À partir des géloses ensemencées (NA, EMB ou MacConkey), inoculer une éprouvette de bouillon EC (milieu G) et les milieux IMViC. L'ensemble des milieux GIMViC comprend le milieu « G » qui est le deuxième bouillon EC, le milieu « I », qui est le bouillon de tryptone, les milieux « M » et « V » qui sont du bouillon glucosé tamponné, et le milieu « C », qui est la gélose au citrate de Simmon. Si les épreuves GIMViC ne sont pas effectuées dans les 96 h suivant l'ensemencement des géloses non sélectives, préparer des pentes ou géloses fraîches avant d'ensemencer les milieux GIMViC.

Pour chacun des isolats à identifier, inoculer une éprouvette de chacun des milieux GIMViC. Ensemencer les témoins positif et négatif d'IMViC dans chacun des milieux IMViC et les témoins positif et négatif de NPP dans le deuxième bouillon EC.

On peut aussi effectuer les épreuves GIMViC au moyen de systèmes d'analyse disponibles dans le commerce.

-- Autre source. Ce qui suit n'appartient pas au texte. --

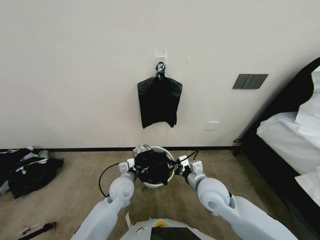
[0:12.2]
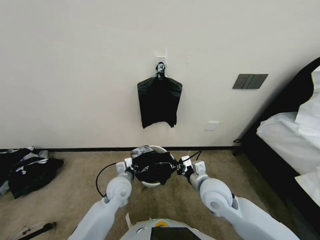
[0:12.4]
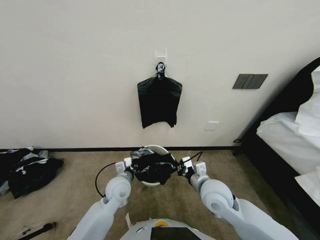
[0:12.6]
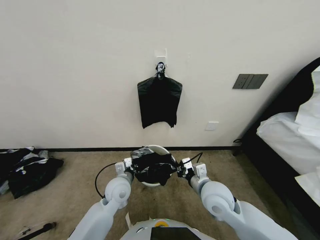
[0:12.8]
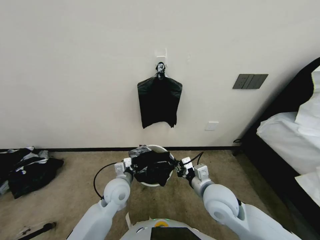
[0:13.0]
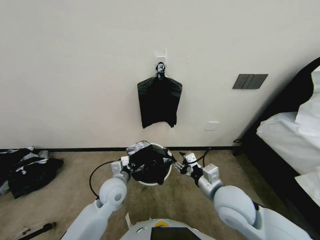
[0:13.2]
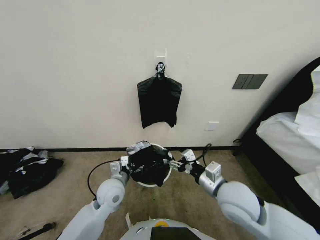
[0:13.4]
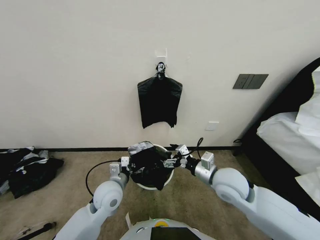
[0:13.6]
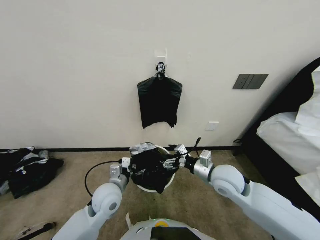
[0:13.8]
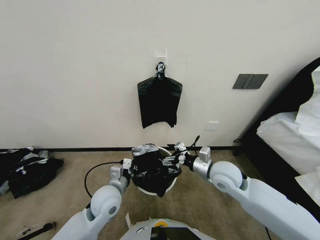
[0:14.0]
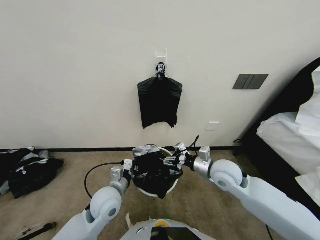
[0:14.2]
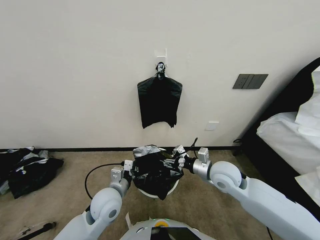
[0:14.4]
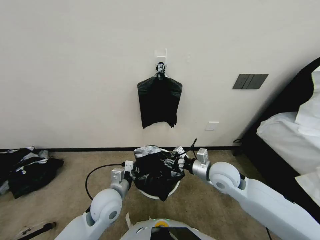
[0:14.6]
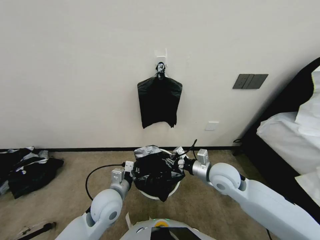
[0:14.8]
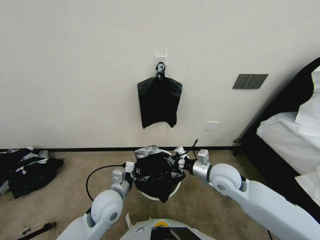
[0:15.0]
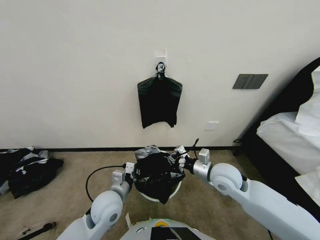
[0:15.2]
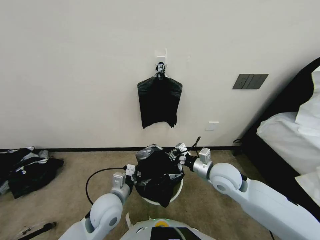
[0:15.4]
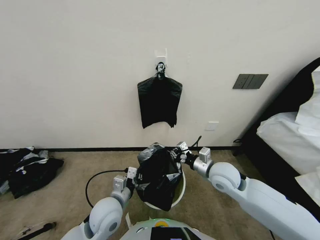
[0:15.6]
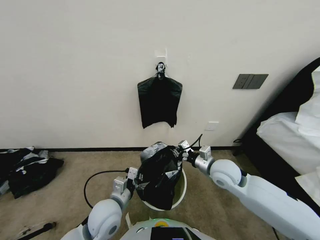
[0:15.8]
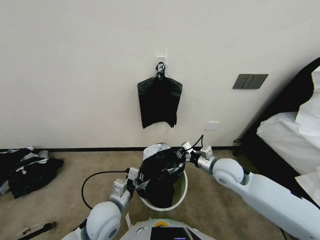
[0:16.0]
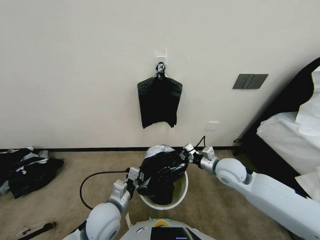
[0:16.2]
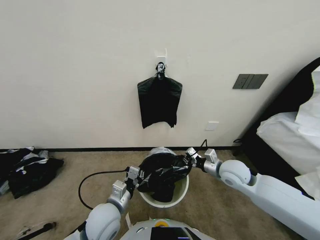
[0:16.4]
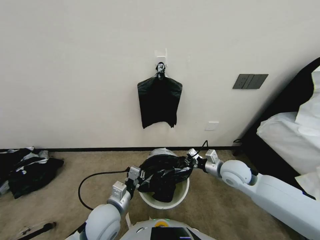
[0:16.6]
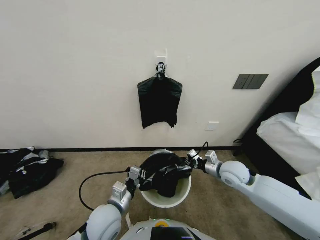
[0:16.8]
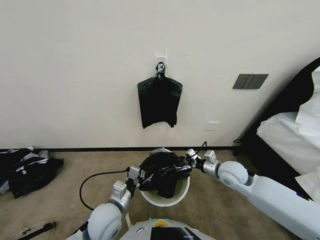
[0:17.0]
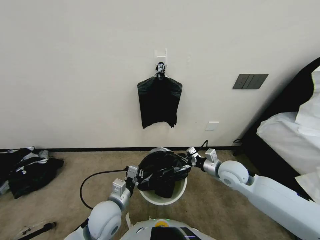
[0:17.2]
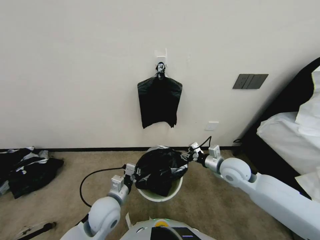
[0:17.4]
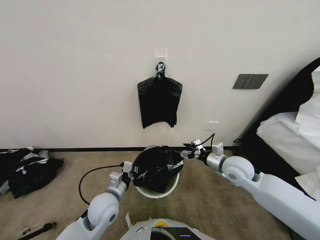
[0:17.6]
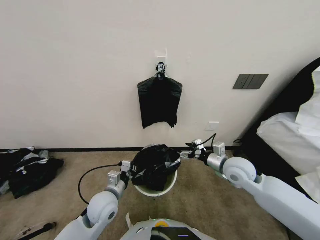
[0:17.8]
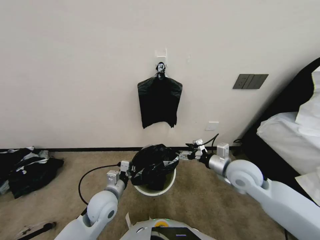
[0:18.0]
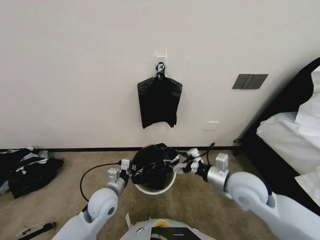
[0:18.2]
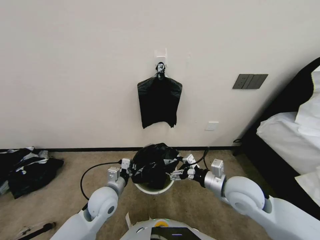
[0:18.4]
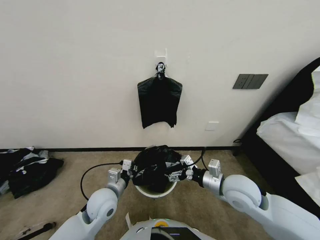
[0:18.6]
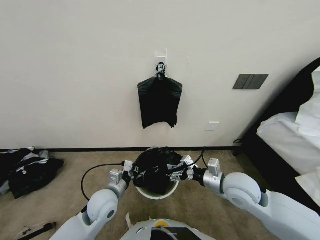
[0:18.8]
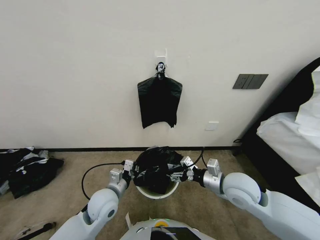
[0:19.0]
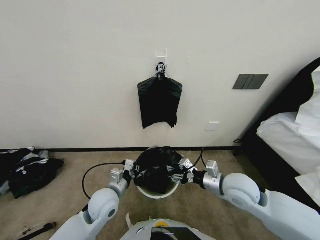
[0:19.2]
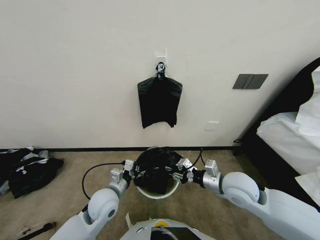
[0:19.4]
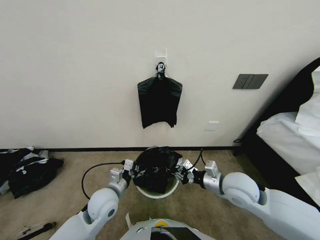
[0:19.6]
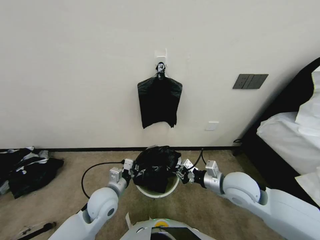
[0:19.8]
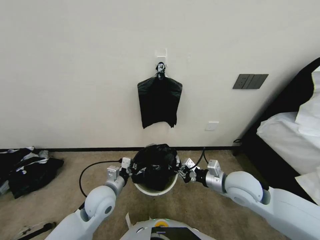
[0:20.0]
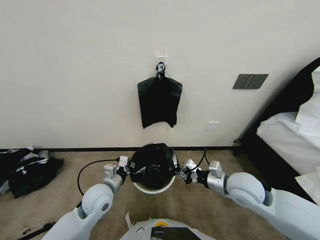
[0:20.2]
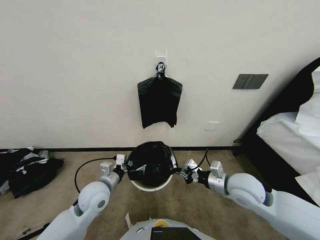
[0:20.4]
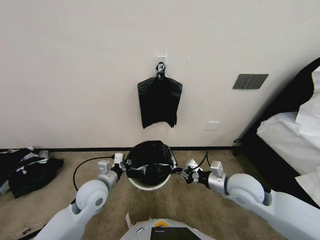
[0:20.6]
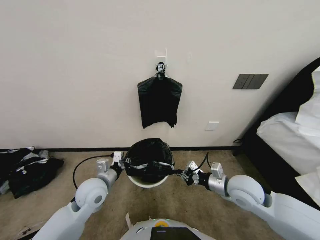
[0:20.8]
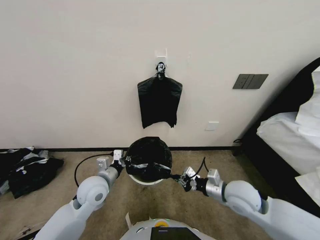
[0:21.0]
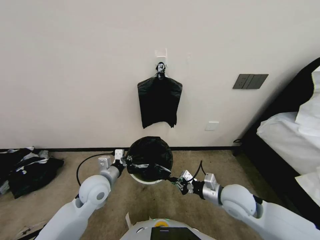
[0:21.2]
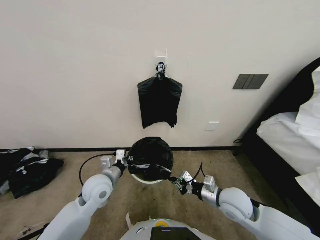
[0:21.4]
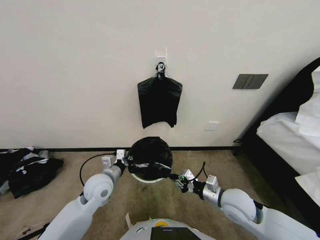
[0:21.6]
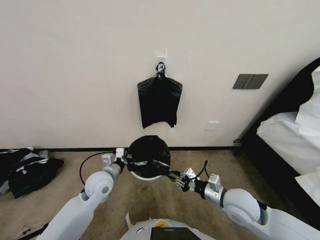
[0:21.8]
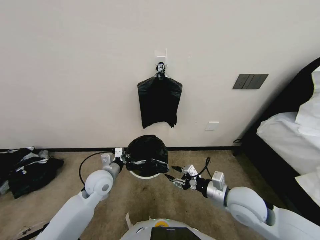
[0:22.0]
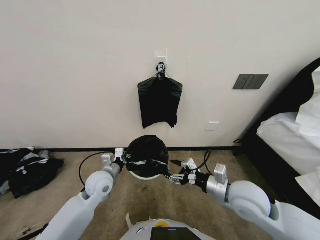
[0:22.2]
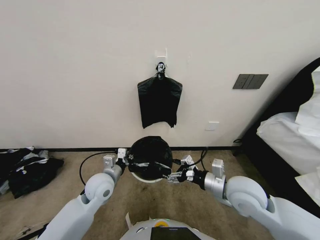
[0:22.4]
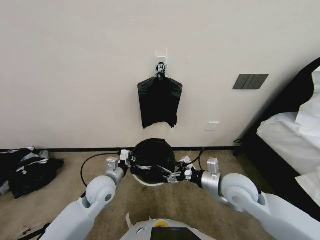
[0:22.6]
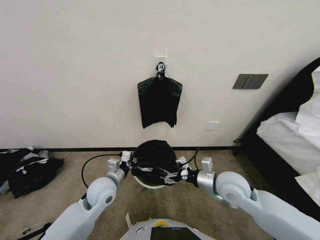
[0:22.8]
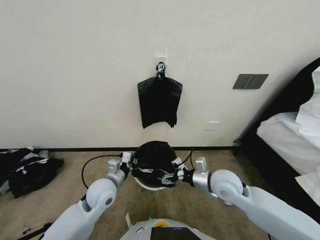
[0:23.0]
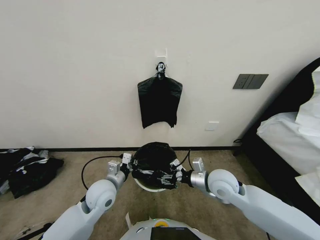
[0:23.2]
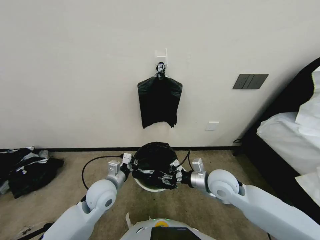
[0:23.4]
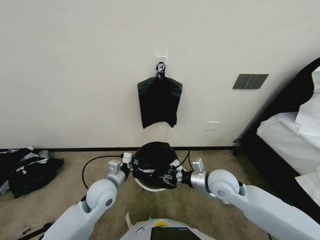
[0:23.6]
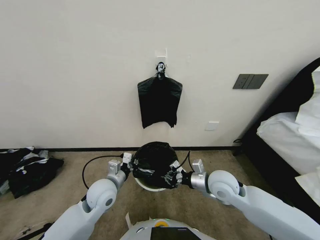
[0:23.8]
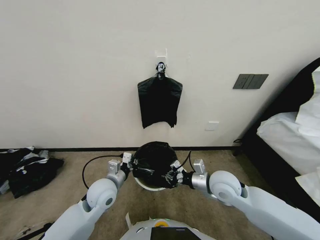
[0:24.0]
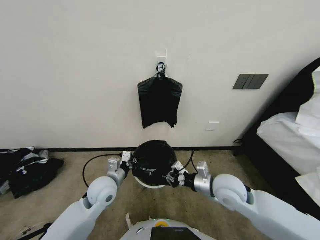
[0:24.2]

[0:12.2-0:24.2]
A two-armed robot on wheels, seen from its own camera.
Task of the whole recording: Place a trash bag onto the trash bin.
0:12.2 to 0:13.8: The right gripper moves to the right, approximately 5 cm, and opens. The left gripper ends up roughly 5 cm from where it was.
0:13.8 to 0:15.2: The right gripper closes its fingers.
0:15.2 to 0:16.6: The right gripper goes about 5 cm to the right.
0:16.6 to 0:18.2: The left gripper goes about 5 cm forward. Meanwhile the right gripper shifts roughly 5 cm backward, and opens.
0:18.2 to 0:19.8: The right gripper closes up.
0:19.8 to 0:21.2: The left gripper moves approximately 5 cm.
0:21.2 to 0:22.6: The right gripper ends up roughly 5 cm from where it was, and opens.
0:22.6 to 0:24.2: The right gripper closes its fingers.

Production de gaz à 45°C (G)

Incuber les éprouvettes ensemencées de milieu G (bouillon EC) dans un bain-marie à 45,0 C pendant 24 ± 2 h. Vérifier s'il y a production de gaz. S'il n'y a pas de gaz, incuber pendant 24 ± 2 h de plus et examiner de nouveau. Consigner les résultats.

Indole (I)

Incuber les éprouvettes ensemencées de bouillon de tryptone ou de tryptophane à 35 °C pendant 24 ± 2 h. Ajouter à chaque éprouvette du réactif pour l'indole (disponible dans le commerce) en suivant les instructions du fabricant. L'apparition d'une couleur rouge foncé dans la couche d'alcool indique une réaction positive. Une couleur orange indique probablement la présence de skatole et la réaction peut être consignée comme ±. On considère que la couleur jaune indique une réaction négative.

Épreuve au rouge de méthyle (RM) et de Voges-Proskauer (VP) (MVi)

Ensemencer deux éprouvettes de bouillon glucosé tamponné et incuber à 35 °C pendant 48 ± 2 h. Utiliser les réactifs RM et VP (disponibles dans le commerce) en suivant les instructions du fabricant. La réaction de VP est positive si une couleur rose éosine apparaît après 5 à 10 minutes. L'épreuve au RM est positive s'il y a formation d'une couleur rouge et négative si la couleur est jaune.

Épreuve au citrate de Simmon (C)

Pour ensemencer les pentes de gélose SC, utiliser une aiguille droite et appliquer une petit inoculum. Éviter de transférer des nutriments avec l'inoculum, car ces nutriments (carbone) pourraient provoquer la formation d'une couleur bleue et une interprétation erronée. Incuber les pentes de gélose à 35 C pendant 48 ± 2 h et observer pour y déceler toute croissance. Toute croissance visible (réaction positive) est généralement accompagnée d'un changement de couleur, qui vire du vert au bleu foncé.

Interprétation

Le tableau I présente les réactions GIMViC caractéristique d'E. coli. On peut au besoin différencier les coliformes courants en utilisant les données du tableau II.

Si l'on obtient, dans les milieux GIMViC, des réactions caractéristiques d'E. coli, il n'est pas nécessaire d'analyser le deuxième isolat. Cependant, si le premier isolat présente des résultats non caractéristiques dans les milieux GIMViC, il faut soumettre le deuxième isolat aux réactions GIMViC. Répéter les étapes de confirmation. Si les deux isolats ne produisent pas des résultats IMViC typiques d'E. coli, on considère alors qu'il n'y a pas d'E. coli dans l'éprouvette de bouillon EC primaire d'où proviennent les isolats.

7.7.5 Trousses d'identification rapide

On peut également utiliser des trousses d'identification rapide pour identifier E. coli. Suivre les instructions du fabricant.

7.7.6 Calcul du NPP

Calculer le NPP d'E. coli par 100 ml d'eau en suivant les instructions de l'Annexe D du volume 1, en fonction du nombre d'éprouvettes contenant des isolats qui ont produit des réactions GIMViC caractéristiques d'E. coli indiquées ci-dessus ou confirmées comme E. coli au moyen de trousses d'identification rapide.